My understanding it to go from oc 9 to nc 9 then upgrade to nc 10. This will be very time intensive. Thus, expensive.
As oC 9.0 = Nc 9.0 (with some fixes) you can upgrade directly to Nextcloud 10 (oC 9.1 + some extra features). But, like any upgrade, yeah, you should test and that will indeed cost time.
With regards to big upgrades, a lot of providers have moved over loads of customers and we've migrated a bunch of customers as well but I'll see if we can do something public about that. It feels like insane to do a white paper about it as migration is just a normal upgrade but perhaps it helps convince some people...
@JaredBusch out of curiosity, what would make you (or customers) switch? Is security a real issue, stuff like this for example?
@JaredBusch I agree, it makes sense to wait and see - we've been telling people that, too. Though I wouldn't wait a full year - a year is a loooooong time in IT. It's been 6 months and no sign of rebound of oC nor any sign of us slowing down...
But sure, wait until Nextcloud 11 is out, I'd say. About one more month and you'll have a number of clear feature improvements to pick reasons to switch from!
I recently published a blog about open source licenses.
Now isn't hard to argue when proprietary licenses are so universally shitty - I link to this and it is a good read.
But of course there is more to it. Certainty about longevity of the support, quality - they are arguments, too. You still have to do your own investigation, actually I often see business people don't realize this nor know how easy it is.

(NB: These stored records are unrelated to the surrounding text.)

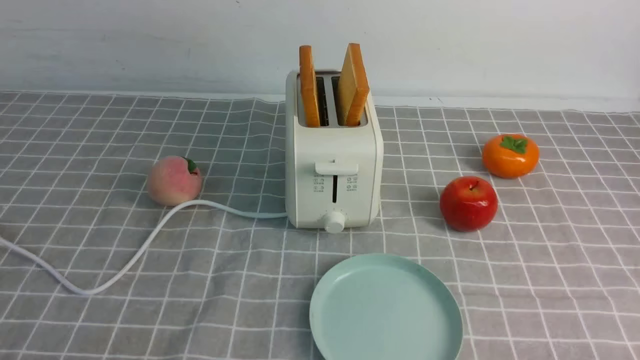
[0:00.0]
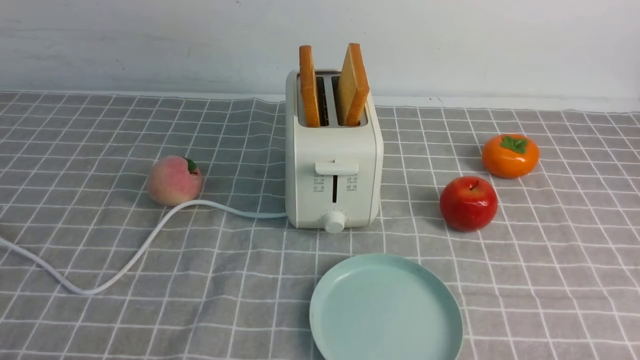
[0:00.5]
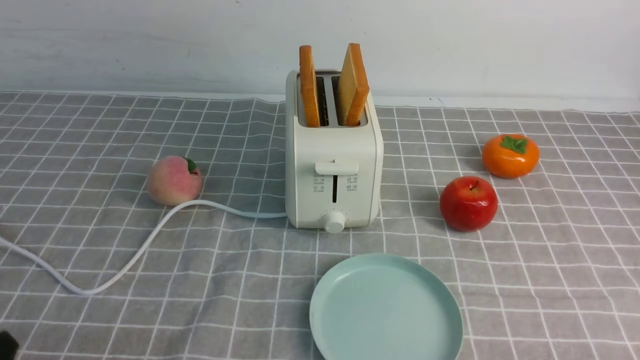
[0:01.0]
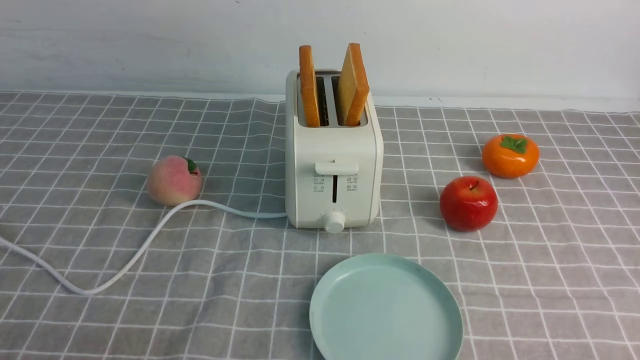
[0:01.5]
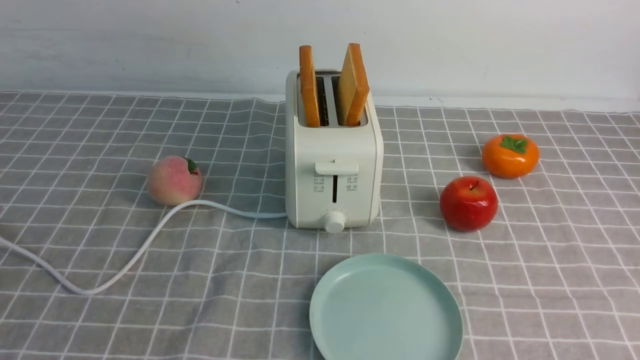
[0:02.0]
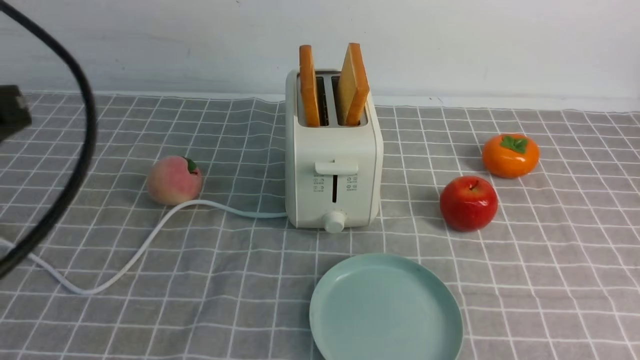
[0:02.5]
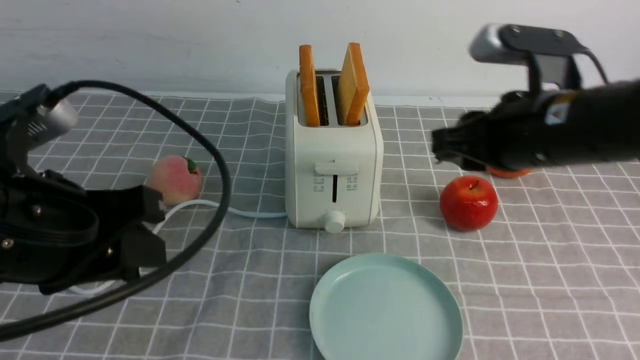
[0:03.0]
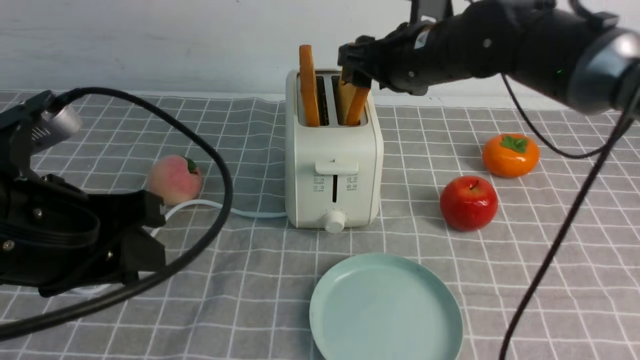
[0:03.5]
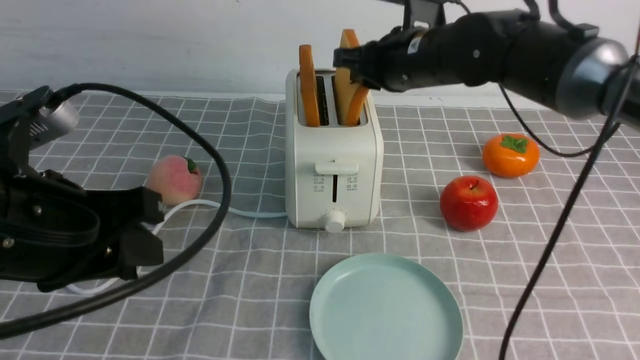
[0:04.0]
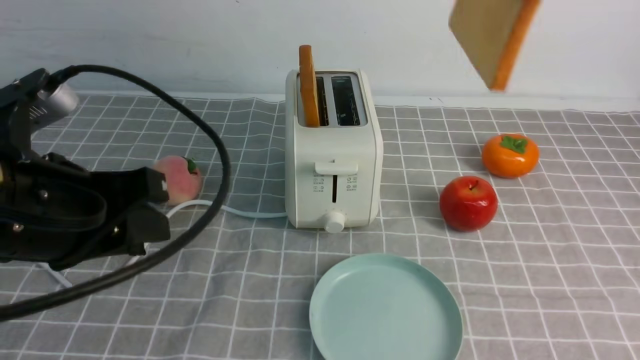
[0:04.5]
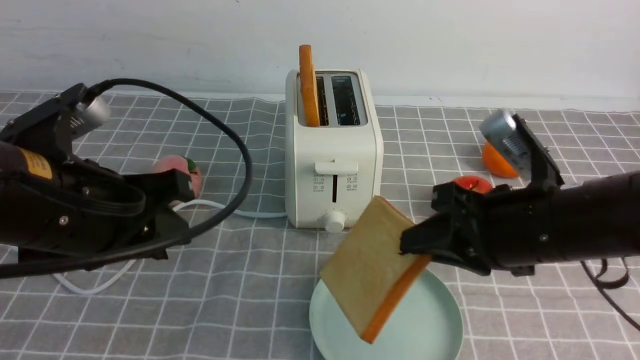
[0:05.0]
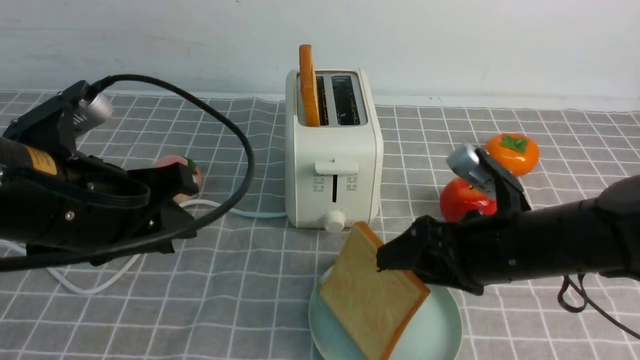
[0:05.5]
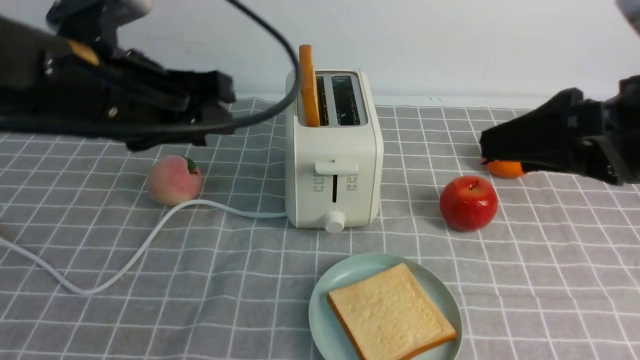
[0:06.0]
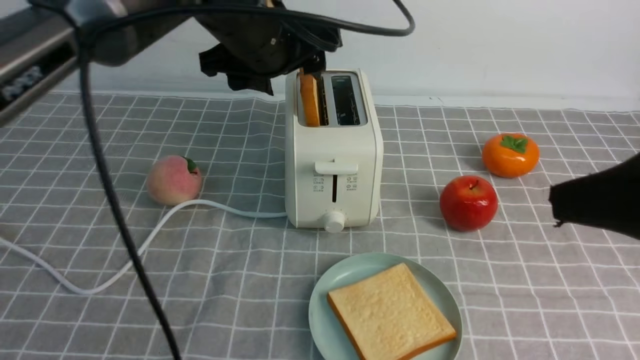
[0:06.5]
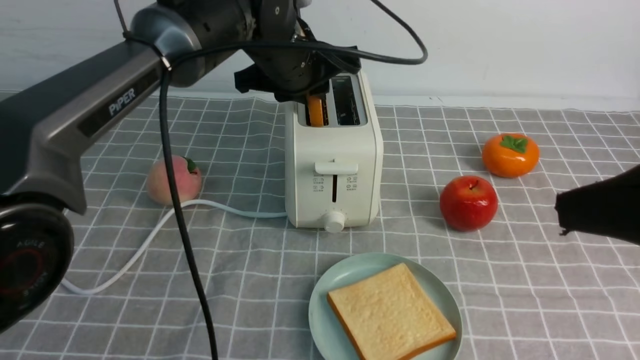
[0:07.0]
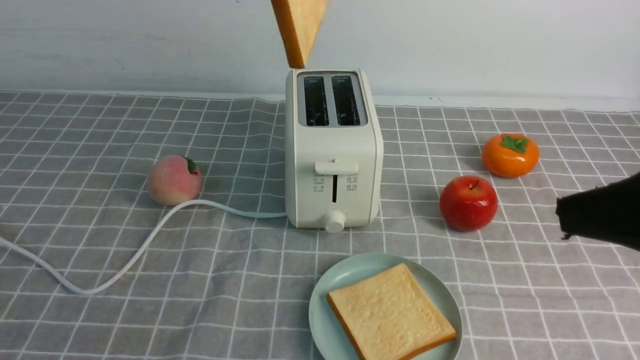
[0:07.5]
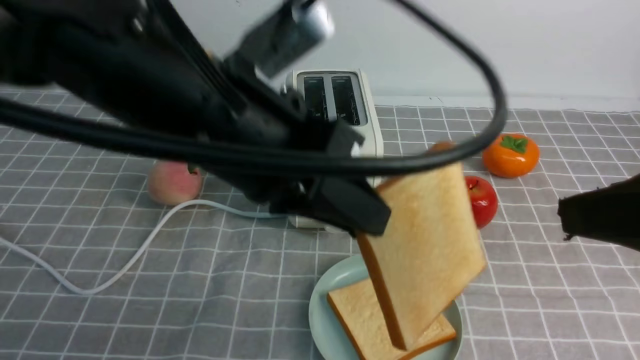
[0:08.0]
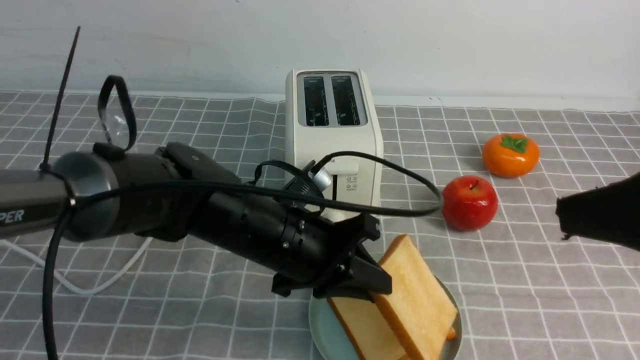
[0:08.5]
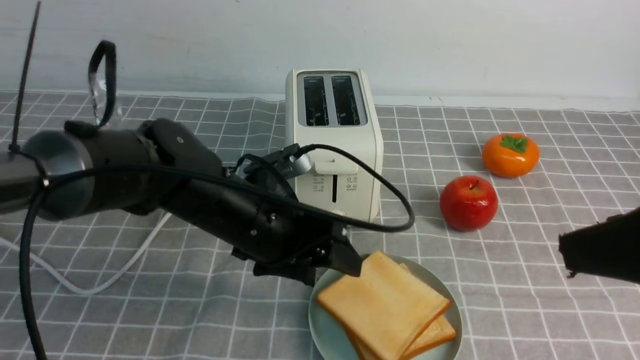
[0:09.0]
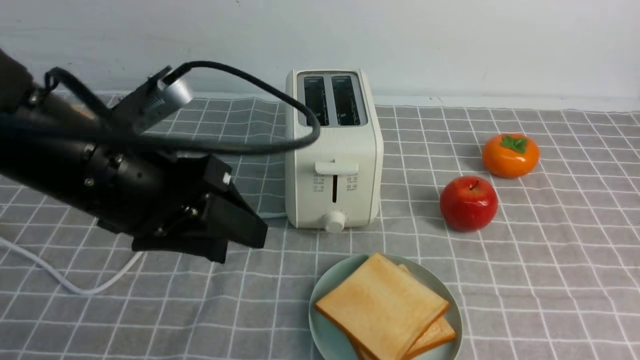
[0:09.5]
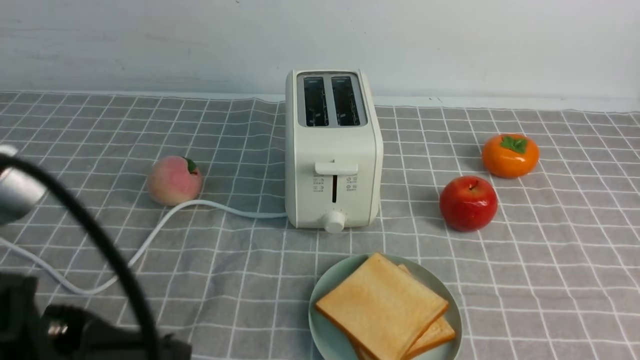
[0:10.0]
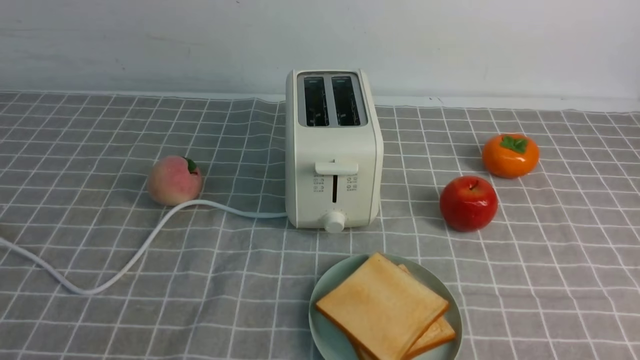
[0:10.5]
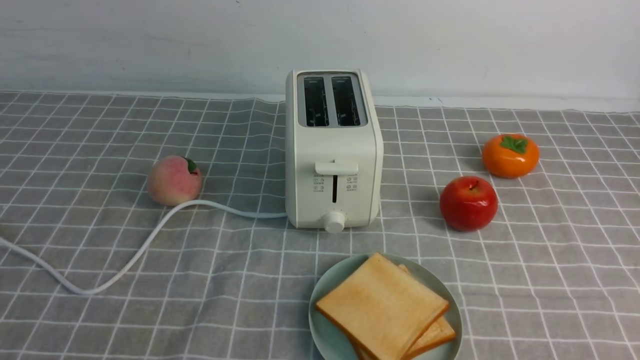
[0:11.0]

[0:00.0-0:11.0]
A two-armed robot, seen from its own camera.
Task of the whole recording: take toasted bread from bread machine on grey coffee table place on plate.
Step, 0:00.0 to 0:04.0: use the right arm to take out a slice of bread.
Step, 0:04.5 to 0:05.5: use the right arm to put a slice of bread into the plate.
Step, 0:06.0 to 0:07.0: use the left arm to take out a slice of bread.
Step, 0:07.5 to 0:09.0: use the left arm to put a slice of bread into the empty plate.
0:02.0 to 0:03.5: The right gripper heads forward and to the left, covering some 40 cm, and opens, while the left gripper travels forward and to the right by about 15 cm.
0:03.5 to 0:05.5: The right gripper goes about 20 cm backward, downward and to the right, and closes, then opens again.
0:05.5 to 0:07.5: The left gripper goes approximately 20 cm upward, to the right and forward, and opens, then closes once more. Meanwhile the right gripper heads upward and backward, covering approximately 20 cm.
0:07.5 to 0:09.0: The left gripper shifts some 25 cm downward, and opens up.
0:09.0 to 0:11.0: The right gripper travels downward and backward by about 20 cm, and closes its fingers. The left gripper goes approximately 35 cm backward and to the left, and closes.

So a special tip for all of you: want to know how an open source project is doing? Check out Github Pulse and other statistics!
As an exercise, and note I obviously have a stake here and am totally biassed about file sync and share, but here are four projects. Compare and tell me which one is doing great and which one is closer to death:
https://github.com/nextcloud/server/pulse
https://github.com/pydio/pydio-core/pulse
https://github.com/haiwen/seafile/pulse
https://github.com/owncloud/core/pulse
Be sure to digg a little deeper. Sometimes, the monthly view looks different. And there are more statistics behind the pulse, which come with developments over time.
You can see, for example, that pydio has a very cyclic development process here:
https://github.com/pydio/pydio-core/graphs/commit-activity
While Nextcloud is more variable:
And ownCloud is on the way down:
Note also that each project has more repositories, though these core repo's are often the most important ones, they don't tell the whole story and sadly as far as I know, github doesn't provide a real overview of an entire project.
So, when your boss asks you to pick a project or product to use, this should be a part of it: how healthy is development!